Numa igreja de doentes um está afetado dos olhos, vê embaçado, não consegue enxergar as coisas como elas são (Mc 8.24) e busca o colírio divino que unge os olhos (Ap 3.18) . Pessoas de olhos maus necessitam de cura. É uma doença que todos precisamos estar atentos, pois sem perceber, ela pode se instalar em nossas vidas. Dentro do Corpo de Cristo não estamos imunes a ela, pelo contrário, os olhos maus se manifestam na Igreja de muitas maneiras: há olhos presunçosos, há olhos que não se satisfazem, há olhos altivos, há olhos maliciosos, há olhos rápidos, que não tem sossego e não se fixa em nada.

Outro está doente dos ouvidos, por isso tem dificuldade de distinguir a voz de Deus, dá mais ouvidos a homens que ao Espírito.Outro ainda está doente do coração. A bíblia é um livro que relata a história de muitos que sofriam de problemas do coração - os cardiopatas emocionais e espirituais. É do coração que brota as fontes da vida, mas é também ali que se esconde o veneno destruidor desta mesma vida.

Além dos doentes, a igreja é um lugar de famintos. Graças a Deus! Quem se sente saciado olha para a comida com desdém, nada lhe apetece. Não há pior coisa que servir um banquete para quem se sente saciado.

Certo homemdeu uma grande ceia e convidou muitos. À hora da ceia enviou o seu servo para avisar aos convidados, mas cada um deles recusou dando uma desculpa. Então, o senhor irado disse ao seu servo: “Sai depressa para as ruas e becos da cidade e traze para aqui os pobres, os aleijados, os cegos e os coxos” (Lc 14.21) E como ainda sobraram lugares o senhor ordenou: “sai pelos caminhos e atalhos e obriga a todos a entrar, para que fique cheia a minha casa” (Lc 14.23)
Só fico imaginando aquele banquete no céu: uma mesa rodeada pelo tipo mais vil e desprezível de gente, e o senhor alegre à cabeceira da mesa porque ela está repleta de convidados.
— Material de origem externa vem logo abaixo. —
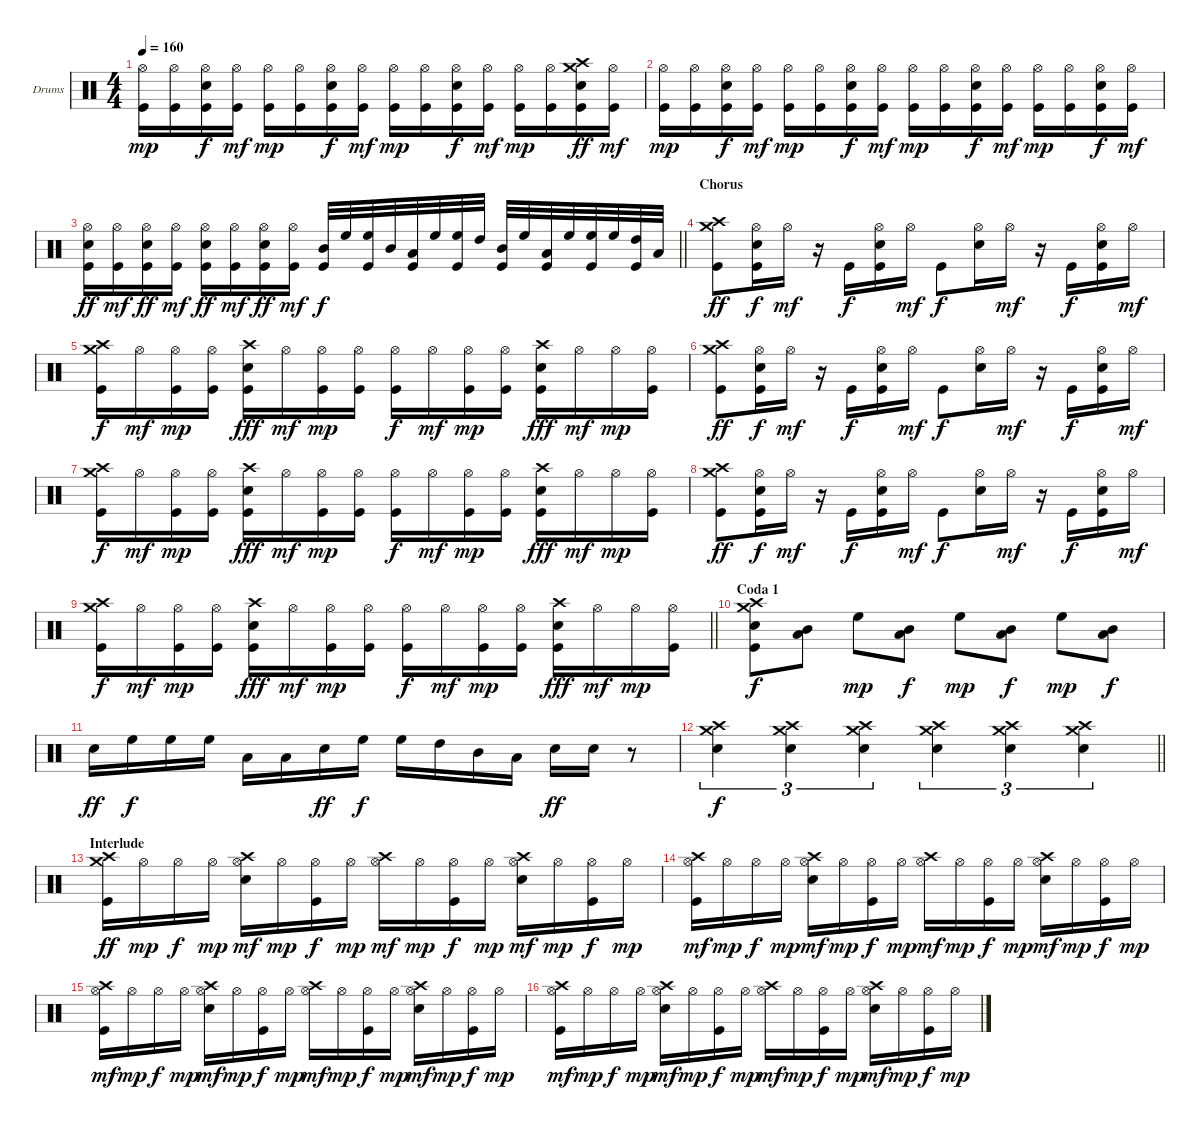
\bracketExtendMode groupsimilarinstruments
\firstSystemTrackNameOrientation horizontal
\otherSystemsTrackNameOrientation horizontal
\track ("Drumkit" "Drums") {instrument percussion}
\staff {score}
\articulation defaults
\ts (4 4)
\tempo 160
\clef neutral
\ks c
("Hi-Hat (open)" "Kick (hit)").16{dy mp} ("Hi-Hat (open)" "Kick (hit)").16 ("Hi-Hat (open)" "Snare (hit) 2" "Kick (hit)").16{dy f} ("Hi-Hat (open)" "Kick (hit)").16{dy mf} ("Hi-Hat (open)" "Kick (hit)").16{dy mp} ("Hi-Hat (open)" "Kick (hit)").16 ("Hi-Hat (open)" "Snare (hit) 2" "Kick (hit)").16{dy f} ("Hi-Hat (open)" "Kick (hit)").16{dy mf} ("Hi-Hat (open)" "Kick (hit)").16{dy mp} ("Hi-Hat (open)" "Kick (hit)").16 ("Hi-Hat (open)" "Snare (hit) 2" "Kick (hit)").16{dy f} ("Hi-Hat (open)" "Kick (hit)").16{dy mf} ("Hi-Hat (open)" "Kick (hit)").16{dy mp} ("Hi-Hat (open)" "Kick (hit)").16 ("Crash medium (hit)" "Crash high (hit)" "Snare (hit) 2" "Kick (hit)").16{dy ff} ("Hi-Hat (open)" "Kick (hit)").16{dy mf} |
("Hi-Hat (open)" "Kick (hit)").16{dy mp} ("Hi-Hat (open)" "Kick (hit)").16 ("Hi-Hat (open)" "Snare (hit) 2" "Kick (hit)").16{dy f} ("Hi-Hat (open)" "Kick (hit)").16{dy mf} ("Hi-Hat (open)" "Kick (hit)").16{dy mp} ("Hi-Hat (open)" "Kick (hit)").16 ("Hi-Hat (open)" "Snare (hit) 2" "Kick (hit)").16{dy f} ("Hi-Hat (open)" "Kick (hit)").16{dy mf} ("Hi-Hat (open)" "Kick (hit)").16{dy mp} ("Hi-Hat (open)" "Kick (hit)").16 ("Hi-Hat (open)" "Snare (hit) 2" "Kick (hit)").16{dy f} ("Hi-Hat (open)" "Kick (hit)").16{dy mf} ("Hi-Hat (open)" "Kick (hit)").16{dy mp} ("Hi-Hat (open)" "Kick (hit)").16 ("Hi-Hat (open)" "Snare (hit) 2" "Kick (hit)").16{dy f} ("Hi-Hat (open)" "Kick (hit)").16{dy mf} |
\barLineRight lightlight
("Hi-Hat (open)" "Snare (hit) 2" "Kick (hit)").16{dy ff} ("Hi-Hat (open)" "Kick (hit)").16{dy mf} ("Hi-Hat (open)" "Snare (hit) 2" "Kick (hit)").16{dy ff} ("Hi-Hat (open)" "Kick (hit)").16{dy mf} ("Hi-Hat (open)" "Snare (hit) 2" "Kick (hit)").16{dy ff} ("Hi-Hat (open)" "Kick (hit)").16{dy mf} ("Hi-Hat (open)" "Snare (hit) 2" "Kick (hit)").16{dy ff} ("Hi-Hat (open)" "Kick (hit)").16{dy mf} ("Mid Tom (hit)" "Kick (hit)").32{dy f} "High Floor Tom (hit)".32 ("High Floor Tom (hit)" "Kick (hit)").32 "Mid Tom (hit)".32 ("Low Tom (hit)" "Kick (hit)").32 "High Floor Tom (hit)".32 ("High Floor Tom (hit)" "Kick (hit)").32 "High Tom (hit)".32 ("Mid Tom (hit)" "Kick (hit)").32 "High Floor Tom (hit)".32 ("Low Tom (hit)" "Kick (hit)").32 "High Floor Tom (hit)".32 ("High Floor Tom (hit)" "Kick (hit)").32 "High Floor Tom (hit)".32 ("High Tom (hit)" "Kick (hit)").32 "Low Tom (hit)".32 |
\section ("" "Chorus")
("Crash medium (hit)" "Crash high (hit)" "Kick (hit)").8{dy ff} ("Hi-Hat (open)" "Snare (hit) 2" "Kick (hit)").16{dy f} "Hi-Hat (open)".16{dy mf} r.16 "Kick (hit)".16{dy f} ("Hi-Hat (open)" "Snare (hit) 2" "Kick (hit)").16 "Hi-Hat (open)".16{dy mf} "Kick (hit)".8{dy f} ("Hi-Hat (open)" "Snare (hit) 2").16 "Hi-Hat (open)".16{dy mf} r.16 "Kick (hit)".16{dy f} ("Hi-Hat (open)" "Snare (hit) 2" "Kick (hit)").16 "Hi-Hat (open)".16{dy mf} |
("Crash medium (hit)" "Crash high (hit)" "Kick (hit)").16{dy f} "Hi-Hat (open)".16{dy mf} ("Hi-Hat (open)" "Kick (hit)").16{dy mp} ("Hi-Hat (open)" "Kick (hit)").16 ("Crash high (hit)" "Snare (hit) 2" "Kick (hit)").16{dy fff} "Hi-Hat (open)".16{dy mf} ("Hi-Hat (open)" "Kick (hit)").16{dy mp} ("Hi-Hat (open)" "Kick (hit)").16 ("Hi-Hat (open)" "Kick (hit)").16{dy f} "Hi-Hat (open)".16{dy mf} ("Hi-Hat (open)" "Kick (hit)").16{dy mp} ("Hi-Hat (open)" "Kick (hit)").16 ("Crash high (hit)" "Snare (hit) 2" "Kick (hit)").16{dy fff} "Hi-Hat (open)".16{dy mf} "Hi-Hat (open)".16{dy mp} ("Hi-Hat (open)" "Kick (hit)").16 |
("Crash medium (hit)" "Crash high (hit)" "Kick (hit)").8{dy ff} ("Hi-Hat (open)" "Snare (hit) 2" "Kick (hit)").16{dy f} "Hi-Hat (open)".16{dy mf} r.16 "Kick (hit)".16{dy f} ("Hi-Hat (open)" "Snare (hit) 2" "Kick (hit)").16 "Hi-Hat (open)".16{dy mf} "Kick (hit)".8{dy f} ("Hi-Hat (open)" "Snare (hit) 2").16 "Hi-Hat (open)".16{dy mf} r.16 "Kick (hit)".16{dy f} ("Hi-Hat (open)" "Snare (hit) 2" "Kick (hit)").16 "Hi-Hat (open)".16{dy mf} |
("Crash medium (hit)" "Crash high (hit)" "Kick (hit)").16{dy f} "Hi-Hat (open)".16{dy mf} ("Hi-Hat (open)" "Kick (hit)").16{dy mp} ("Hi-Hat (open)" "Kick (hit)").16 ("Crash high (hit)" "Snare (hit) 2" "Kick (hit)").16{dy fff} "Hi-Hat (open)".16{dy mf} ("Hi-Hat (open)" "Kick (hit)").16{dy mp} ("Hi-Hat (open)" "Kick (hit)").16 ("Hi-Hat (open)" "Kick (hit)").16{dy f} "Hi-Hat (open)".16{dy mf} ("Hi-Hat (open)" "Kick (hit)").16{dy mp} ("Hi-Hat (open)" "Kick (hit)").16 ("Crash high (hit)" "Snare (hit) 2" "Kick (hit)").16{dy fff} "Hi-Hat (open)".16{dy mf} "Hi-Hat (open)".16{dy mp} ("Hi-Hat (open)" "Kick (hit)").16 |
("Crash medium (hit)" "Crash high (hit)" "Kick (hit)").8{dy ff} ("Hi-Hat (open)" "Snare (hit) 2" "Kick (hit)").16{dy f} "Hi-Hat (open)".16{dy mf} r.16 "Kick (hit)".16{dy f} ("Hi-Hat (open)" "Snare (hit) 2" "Kick (hit)").16 "Hi-Hat (open)".16{dy mf} "Kick (hit)".8{dy f} ("Hi-Hat (open)" "Snare (hit) 2").16 "Hi-Hat (open)".16{dy mf} r.16 "Kick (hit)".16{dy f} ("Hi-Hat (open)" "Snare (hit) 2" "Kick (hit)").16 "Hi-Hat (open)".16{dy mf} |
\barLineRight lightlight
("Crash medium (hit)" "Crash high (hit)" "Kick (hit)").16{dy f} "Hi-Hat (open)".16{dy mf} ("Hi-Hat (open)" "Kick (hit)").16{dy mp} ("Hi-Hat (open)" "Kick (hit)").16 ("Crash high (hit)" "Snare (hit) 2" "Kick (hit)").16{dy fff} "Hi-Hat (open)".16{dy mf} ("Hi-Hat (open)" "Kick (hit)").16{dy mp} ("Hi-Hat (open)" "Kick (hit)").16 ("Hi-Hat (open)" "Kick (hit)").16{dy f} "Hi-Hat (open)".16{dy mf} ("Hi-Hat (open)" "Kick (hit)").16{dy mp} ("Hi-Hat (open)" "Kick (hit)").16 ("Crash high (hit)" "Snare (hit) 2" "Kick (hit)").16{dy fff} "Hi-Hat (open)".16{dy mf} "Hi-Hat (open)".16{dy mp} ("Hi-Hat (open)" "Kick (hit)").16 |
\section ("" "Coda 1")
("Crash medium (hit)" "Crash high (hit)" "Snare (hit) 2" "Kick (hit)").8{dy f} ("Mid Tom (hit)" "Low Tom (hit)").8 "High Floor Tom (hit)".8{dy mp} ("Mid Tom (hit)" "Low Tom (hit)").8{dy f} "High Floor Tom (hit)".8{dy mp} ("Mid Tom (hit)" "Low Tom (hit)").8{dy f} "High Floor Tom (hit)".8{dy mp} ("Mid Tom (hit)" "Low Tom (hit)").8{dy f} |
"Snare (hit) 2".16{dy ff} "High Floor Tom (hit)".16{dy f} "High Floor Tom (hit)".16 "High Floor Tom (hit)".16 "Low Tom (hit)".16 "Low Tom (hit)".16 "Snare (hit) 2".16{dy ff} "High Floor Tom (hit)".16{dy f} "High Floor Tom (hit)".16 "High Tom (hit)".16 "Mid Tom (hit)".16 "Low Tom (hit)".16 "Snare (hit) 2".16{dy ff} "Snare (hit) 2".16 r.8 |
\barLineRight lightlight
("Crash medium (hit)" "Crash high (hit)" "Snare (hit) 2").4{tu (3 2) dy f} ("Crash medium (hit)" "Crash high (hit)" "Snare (hit) 2").4{tu (3 2)} ("Crash medium (hit)" "Crash high (hit)" "Snare (hit) 2").4{tu (3 2)} ("Crash medium (hit)" "Crash high (hit)" "Snare (hit) 2").4{tu (3 2)} ("Crash medium (hit)" "Crash high (hit)" "Snare (hit) 2").4{tu (3 2)} ("Crash medium (hit)" "Crash high (hit)" "Snare (hit) 2").4{tu (3 2)} |
\section ("" "Interlude")
("Crash medium (hit)" "Crash high (hit)" "Kick (hit)").16{dy ff} "Hi-Hat (open)".16{dy mp} "Hi-Hat (open)".16{dy f} "Hi-Hat (open)".16{dy mp} ("Crash high (hit)" "Hi-Hat (open)" "Snare (hit) 2").16{dy mf} "Hi-Hat (open)".16{dy mp} ("Hi-Hat (open)" "Kick (hit)").16{dy f} "Hi-Hat (open)".16{dy mp} ("Crash high (hit)" "Hi-Hat (open)").16{dy mf} "Hi-Hat (open)".16{dy mp} ("Hi-Hat (open)" "Kick (hit)").16{dy f} "Hi-Hat (open)".16{dy mp} ("Crash high (hit)" "Hi-Hat (open)" "Snare (hit) 2").16{dy mf} "Hi-Hat (open)".16{dy mp} ("Hi-Hat (open)" "Kick (hit)").16{dy f} "Hi-Hat (open)".16{dy mp} |
("Crash high (hit)" "Hi-Hat (open)" "Kick (hit)").16{dy mf} "Hi-Hat (open)".16{dy mp} "Hi-Hat (open)".16{dy f} "Hi-Hat (open)".16{dy mp} ("Crash high (hit)" "Hi-Hat (open)" "Snare (hit) 2").16{dy mf} "Hi-Hat (open)".16{dy mp} ("Hi-Hat (open)" "Kick (hit)").16{dy f} "Hi-Hat (open)".16{dy mp} ("Crash high (hit)" "Hi-Hat (open)").16{dy mf} "Hi-Hat (open)".16{dy mp} ("Hi-Hat (open)" "Kick (hit)").16{dy f} "Hi-Hat (open)".16{dy mp} ("Crash high (hit)" "Hi-Hat (open)" "Snare (hit) 2").16{dy mf} "Hi-Hat (open)".16{dy mp} ("Hi-Hat (open)" "Kick (hit)").16{dy f} "Hi-Hat (open)".16{dy mp} |
("Crash high (hit)" "Hi-Hat (open)" "Kick (hit)").16{dy mf} "Hi-Hat (open)".16{dy mp} "Hi-Hat (open)".16{dy f} "Hi-Hat (open)".16{dy mp} ("Crash high (hit)" "Hi-Hat (open)" "Snare (hit) 2").16{dy mf} "Hi-Hat (open)".16{dy mp} ("Hi-Hat (open)" "Kick (hit)").16{dy f} "Hi-Hat (open)".16{dy mp} ("Crash high (hit)" "Hi-Hat (open)").16{dy mf} "Hi-Hat (open)".16{dy mp} ("Hi-Hat (open)" "Kick (hit)").16{dy f} "Hi-Hat (open)".16{dy mp} ("Crash high (hit)" "Hi-Hat (open)" "Snare (hit) 2").16{dy mf} "Hi-Hat (open)".16{dy mp} ("Hi-Hat (open)" "Kick (hit)").16{dy f} "Hi-Hat (open)".16{dy mp} |
("Crash high (hit)" "Hi-Hat (open)" "Kick (hit)").16{dy mf} "Hi-Hat (open)".16{dy mp} "Hi-Hat (open)".16{dy f} "Hi-Hat (open)".16{dy mp} ("Crash high (hit)" "Hi-Hat (open)" "Snare (hit) 2").16{dy mf} "Hi-Hat (open)".16{dy mp} ("Hi-Hat (open)" "Kick (hit)").16{dy f} "Hi-Hat (open)".16{dy mp} ("Crash high (hit)" "Hi-Hat (open)").16{dy mf} "Hi-Hat (open)".16{dy mp} ("Hi-Hat (open)" "Kick (hit)").16{dy f} "Hi-Hat (open)".16{dy mp} ("Crash high (hit)" "Hi-Hat (open)" "Snare (hit) 2").16{dy mf} "Hi-Hat (open)".16{dy mp} ("Hi-Hat (open)" "Kick (hit)").16{dy f} "Hi-Hat (open)".16{dy mp}

Não há ao redor da mesa convidados mais dignos que outros. Todos são igualmente indignos.Os “bacanas” e “merecedores” não têm lugar nesta festa.

A igreja também é um lugar de esfarrapados. Ser esfarrapado é não ter status, é reconhecer-se vazio, desprovido de bem algum, e nada a oferecer. Quem nos confere dignidade são as vestiduras de Cristo em nós. Justamente por isso, o pai do filho pródigo ordenou que lhe trouxessem “vestes novas”, e na parábola das bodas quem é expulso do grande banquete não é o mau, o pobre ou doente, mas aquele que “não trazia veste nupcial” (Mt 22.11): “Amigo, como entrastes aqui sem veste nupcial?”À Igreja de Laodicéia o anjo pede que aquela gente presunçosabuscasse “vestiduras brancas para se vestirem” (Ap 3.18), ou seja, a justificação que só Cristo traz.

Reconhecemos que não há bem nenhum em nós mesmos, e clamamos pela misericórdia divina. Toda distinção e honra é Cristo quem nos confere. Reconhecer-se indigno é o primeiro sinal de que a santidade de Deus estão sendo manifestadas na vida de alguém. Foi assim com Isaías: “Ai de mim, estou perdido” (Is 6.5), foi assim com Pedro: “Senhor, retira-te de mim, porque sou pecador” (Lc 5.8)

Sim, somos todos doentes, famintos e esfarrapados. Apesardisto, o apóstolo Paulo sempre começa suas epístolas referindo-se “aos santos” que vivem em Éfeso, em Filipos... e até mesmo a mais problemática igreja do Novo Testamento, Corinto, Paulo chama seus membros como “santificados em Cristo”. Quer maior graça que esta? Um complexado pecador ser chamado de santo?

O que é um cristão? É um mendigo que descobriu onde tem comida. O que é evangelização? É contar para outros mendigos onde tem comida da boa. Sim, não passamos de mendigos que descobriram onde banquetear-se. Não passamos de convidados para uma ceia – e o convite veio não porque fôssemos dignos, mas porque Aquele que convida é misericordioso.